> [THE PROBLEM] All of the listing is to be written out word for word, with the pictures left out.

> [COLLECTED MATERIAL]
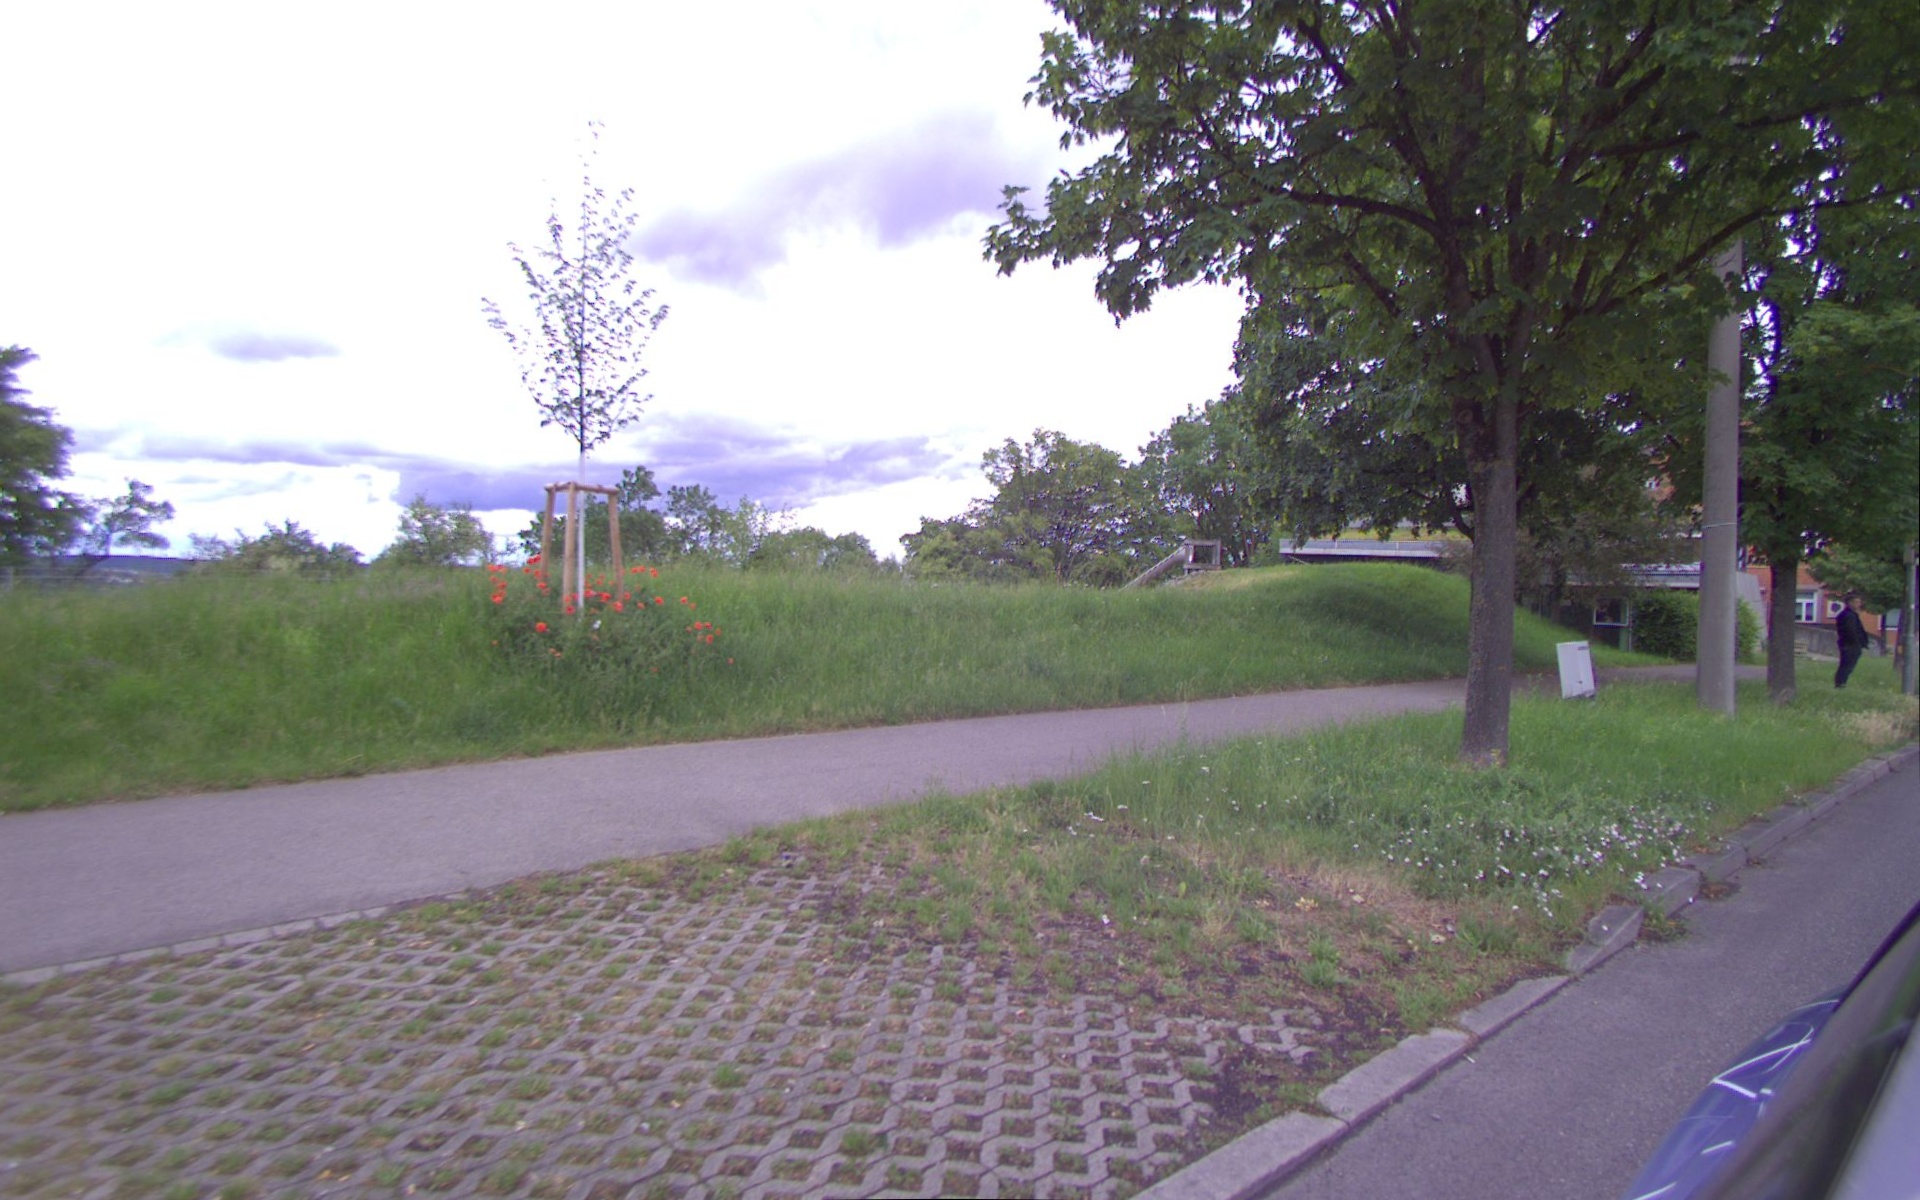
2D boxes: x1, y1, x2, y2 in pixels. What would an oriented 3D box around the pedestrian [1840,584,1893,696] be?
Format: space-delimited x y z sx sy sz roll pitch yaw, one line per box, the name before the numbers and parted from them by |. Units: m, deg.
pedestrian | 15.757 0.676 17.581 0.642 1.879 0.662 1 -1 43

> [SOLUTION TO THIS TASK]
2D boxes: x1, y1, x2, y2 in pixels. What would an oriented 3D box around the pedestrian [1840,584,1893,696] be?
Format: space-delimited x y z sx sy sz roll pitch yaw, one line per box, the name before the numbers and parted from them by |. Units: m, deg.
pedestrian | 15.757 0.676 17.581 0.642 1.879 0.662 1 -1 43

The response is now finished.